Nizwa, the ancient city.
Nizwa, the ancient capital of Oman, is a small but charming city. I specifically chose to visit on a Thursday because every Friday morning there is a cattle and sheep market. Oman is a relatively wealthy country, and most people, except for foreign workers, own cars, so public transportation is not well developed. The most convenient way to get to Nizwa from the capital is by carpooling, although the timing can be unpredictable. The journey takes about two and a half to three hours. Remember to tell the driver to drop you off at the Nizwa market, or else you might end up in the new city.
The old town of Nizwa is very small, and you can walk through the entire town in less than half an hour. The main attractions are the Nizwa Fort, the pottery market, the food market, and the coffee shops. Since people from all over come to Nizwa on Thursdays to sell or visit the Friday cattle and sheep market, it is almost impossible to find accommodation on Thursday nights. I managed to book the only available hotel, which had been open for just two weeks.
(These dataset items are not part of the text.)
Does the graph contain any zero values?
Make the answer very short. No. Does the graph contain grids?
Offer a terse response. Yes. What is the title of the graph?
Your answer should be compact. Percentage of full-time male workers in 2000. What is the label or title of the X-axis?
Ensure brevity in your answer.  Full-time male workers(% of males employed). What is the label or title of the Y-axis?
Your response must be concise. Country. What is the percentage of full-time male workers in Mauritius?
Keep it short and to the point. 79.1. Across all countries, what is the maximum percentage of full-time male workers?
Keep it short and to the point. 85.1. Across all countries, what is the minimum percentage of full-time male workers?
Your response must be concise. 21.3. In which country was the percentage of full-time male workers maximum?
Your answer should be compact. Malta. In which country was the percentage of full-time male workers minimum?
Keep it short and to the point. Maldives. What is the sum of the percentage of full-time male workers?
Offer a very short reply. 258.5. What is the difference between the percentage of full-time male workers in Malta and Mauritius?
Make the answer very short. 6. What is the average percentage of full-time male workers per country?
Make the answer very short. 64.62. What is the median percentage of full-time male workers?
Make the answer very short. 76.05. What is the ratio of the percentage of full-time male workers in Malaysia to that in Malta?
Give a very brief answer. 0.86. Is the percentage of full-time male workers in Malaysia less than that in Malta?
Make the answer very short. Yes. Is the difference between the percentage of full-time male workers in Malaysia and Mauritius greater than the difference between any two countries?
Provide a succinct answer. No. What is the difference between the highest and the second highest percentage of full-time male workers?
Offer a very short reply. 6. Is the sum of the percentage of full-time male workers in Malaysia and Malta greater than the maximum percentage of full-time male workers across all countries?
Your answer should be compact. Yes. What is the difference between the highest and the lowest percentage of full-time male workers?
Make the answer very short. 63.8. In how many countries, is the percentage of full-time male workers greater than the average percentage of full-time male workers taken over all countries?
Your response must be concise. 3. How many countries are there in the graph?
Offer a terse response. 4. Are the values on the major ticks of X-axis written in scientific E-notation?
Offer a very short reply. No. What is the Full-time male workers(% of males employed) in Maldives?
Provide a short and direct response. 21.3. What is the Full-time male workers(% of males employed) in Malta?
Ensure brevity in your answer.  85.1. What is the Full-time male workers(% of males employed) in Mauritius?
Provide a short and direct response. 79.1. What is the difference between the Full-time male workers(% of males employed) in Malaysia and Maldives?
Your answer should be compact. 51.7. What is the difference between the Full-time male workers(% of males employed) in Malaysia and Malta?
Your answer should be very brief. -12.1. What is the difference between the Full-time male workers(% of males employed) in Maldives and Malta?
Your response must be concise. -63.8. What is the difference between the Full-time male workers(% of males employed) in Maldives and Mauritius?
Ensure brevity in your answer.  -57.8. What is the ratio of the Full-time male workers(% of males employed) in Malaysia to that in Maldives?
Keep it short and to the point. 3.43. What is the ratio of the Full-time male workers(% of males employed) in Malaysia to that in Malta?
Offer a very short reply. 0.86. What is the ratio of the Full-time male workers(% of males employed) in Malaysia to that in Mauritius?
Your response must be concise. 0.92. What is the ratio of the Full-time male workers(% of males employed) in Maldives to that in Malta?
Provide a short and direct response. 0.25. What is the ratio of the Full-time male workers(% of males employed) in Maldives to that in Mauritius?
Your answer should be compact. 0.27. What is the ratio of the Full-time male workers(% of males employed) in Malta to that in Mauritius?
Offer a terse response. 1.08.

If you search for Nizwa online, the most iconic image is probably the aerial view of Nizwa Fort. I didn't have a drone, so I don't have a panoramic photo of the fort. Although the fort is not very large, it takes about an hour to explore it thoroughly.
The pottery market is even more beautiful when lit up at night, but it's crowded and hard to take photos. For me, the most fun was the food market. I noticed that all the shoppers here are men. When the vendors saw me, an East Asian woman, they were usually very surprised and then very enthusiastic, offering me fruits and vegetables. After a round of the vegetable market, I had already eaten apples, oranges, fresh dates, and more. Then I went to the sweets market, where every stall offered free samples. Again, all the shoppers were men. When they saw me, they immediately made way for me to try the samples. Some even encouraged me to try everything as if they owned the stalls. The main sweet to sample is called halwa, a jelly-like dessert made from vegetable oil, sugar, rose water, and saffron, with various nuts, spices, and dates added for different flavors. Although it was too sweet for me, as a spice lover, I couldn't stop eating it. If you want to bring these sweets back to Hong Kong, choose a stall that provides airtight containers and put the halwa in the fridge as soon as you get home. These stalls also offer free coffee to cleanse your palate between samples. The coffee here is unique, flavored with cardamom and saffron, which I really enjoyed. I also bought some local coffee and cardamom to take back to Hong Kong.
It's worth mentioning the coffee shops here, not for the quality of the coffee, but for the viewing corridors on the second floor of some shops. These corridors are actually part of the old city walls. The day I visited, they were open for free, but I saw them cleaning the area, so I knew they would start charging the next day. From the viewing corridors, you can see date palm trees and buildings, just like the scenery I imagined in Oman.
The next morning, I arrived at the cattle and sheep market at 7 AM, and it was already crowded, making it hard to find a good spot for photos. Unlike the market in Kashgar, Xinjiang, where sellers wait for customers to choose their cattle and sheep, here the sellers lead their sheep around a sandy arena for everyone to bid on. Some sellers hire professional speakers to lead their sheep and loudly promote their qualities. After an hour, my legs were tired from standing, so I walked around and found that about 20% of the market visitors were foreign tourists.
Oman was once a British colony, so everyone speaks English, making communication easy. The food is mainly grilled meat, but if you don't like that, there are also pizzas available.